Maybe I did not understand your question but why don't you define your
function this way: f[x_]=x a[Floor@x]+b[Floor@x]

Hope this helps


----------------------------------------------- Jean-Marie THOMAS
Conseil et Audit en Ingenierie de Calcul www.cybercable.tm.fr/~jmthomas
------------------------------------------------


-----Message d'origine-----
De:	William F. Campbell [SMTP:valentin@wam.umd.edu] Date:	samedi 14 mars
1998 19:56
A:	mathgroup@smc.vnet.net
Objet:	[mg11549] Automatic generation of piecewise functions

  I am trying to generate a single function f[x], which has different
definitions depending on the values of x (i.e. a piecewise function). 
I proceeded as follows:

Clear[f];
sample=Table[f[x_]=a[i]*x+b[i]/;Evaluate[x>=i-1&&x<=i],{i,2}]

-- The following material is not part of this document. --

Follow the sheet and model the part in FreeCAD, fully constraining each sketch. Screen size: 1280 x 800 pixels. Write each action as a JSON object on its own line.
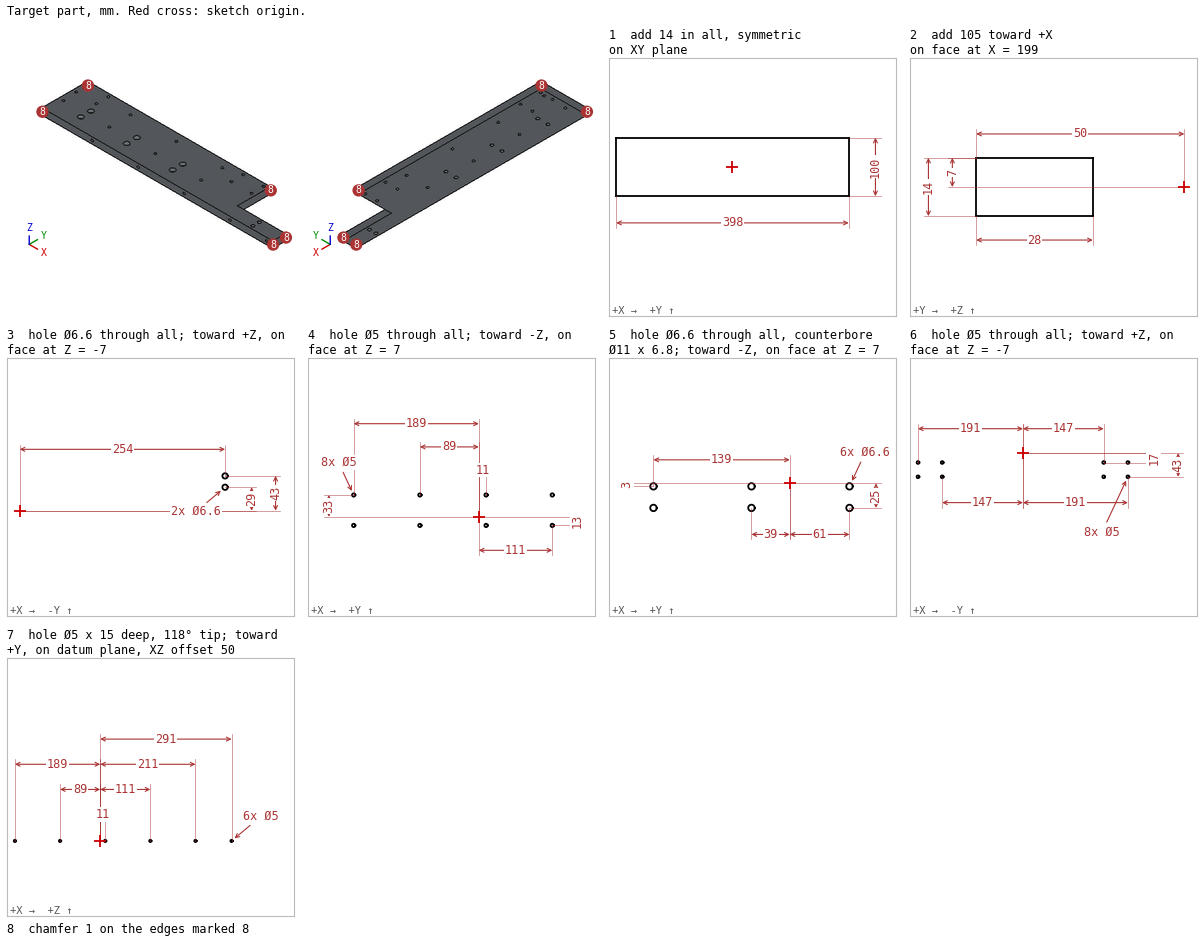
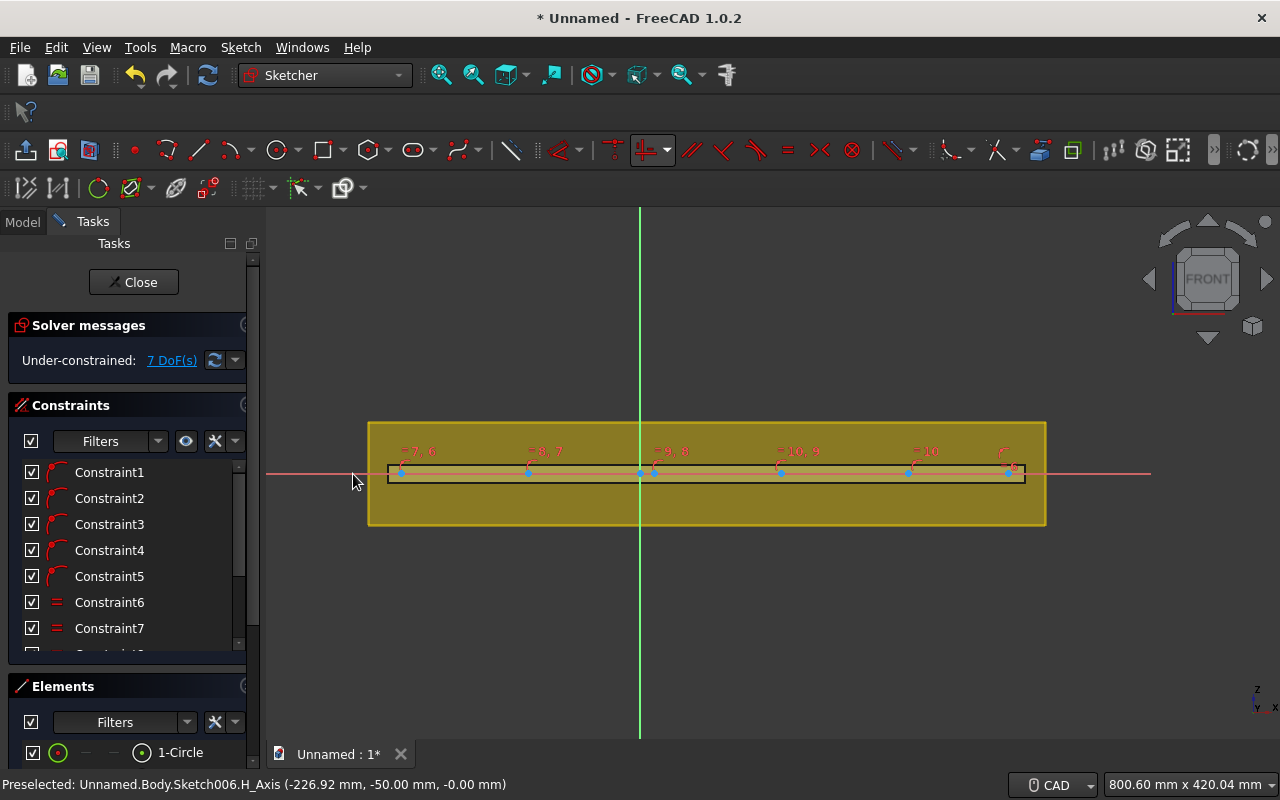
{"action": "key", "text": "d"}

The output returned looked correct:
{b[1]+a[1] x/;x>=0&&x<=1,b[2]+a[2] x/;x>=1&&x<=2}

When I looked at the definition for f, it seemed correct as well: ?f

Global `f

f[x_]=b[1]+a[1] x/;x>=0&&x<=1

f[x_]=b[2]+a[2] x/;x>=1&&x<=2

But when I attempted to use the definition, f[0.5]

0.5 a[1]+b[1]/;0.5>=0&&0.5<=1

whose full form is
FullForm[f[0.5]]

Condition[Plus[Times[0.5,a[1]],b[1]],
  And[GreaterEqual[0.5,0],LessEqual[0.5,1]]]

Why doesn't the Condition evaluate?  How can I change the construct used
in sample above to obtain a working definition for a piecewise
function?  BTW, If I fail to put Evaluate[] around the condition in the
definition of sample above, the output is even further from what I
want, {b[1]+a[1] x/;x>=i-1&&x<=i,b[2]+a[2] x/;x>=i-1&&x<=i}. -- Bill
Campbell                          Correlation is not cause.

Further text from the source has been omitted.